►

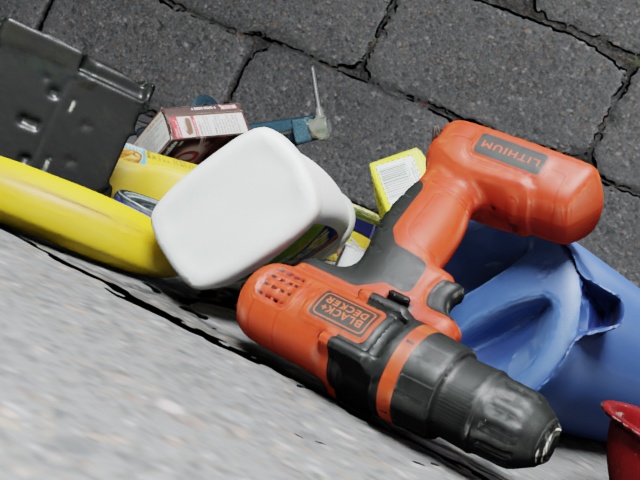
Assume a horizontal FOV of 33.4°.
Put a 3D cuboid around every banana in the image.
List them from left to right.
[{"bbox_3d":[-0.158,-0.014,0.640,0.197,0.037,0.070,24,-18,-20],"label":"banana"}]

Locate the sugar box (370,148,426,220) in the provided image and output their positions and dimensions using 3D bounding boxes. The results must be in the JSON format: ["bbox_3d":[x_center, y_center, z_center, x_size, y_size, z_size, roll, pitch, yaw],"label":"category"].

◄

* WHAT THE TASK REQUIRES
What belongs in the answer is each line of the data that has the word "image".

* ANSWER AREA
Put a 3D cuboid around every banana in the image.
Locate the sugar box (370,148,426,220) in the provided image and output their positions and dimensions using 3D bounding boxes. The results must be in the JSON format: ["bbox_3d":[x_center, y_center, z_center, x_size, y_size, z_size, roll, pitch, yaw],"label":"category"].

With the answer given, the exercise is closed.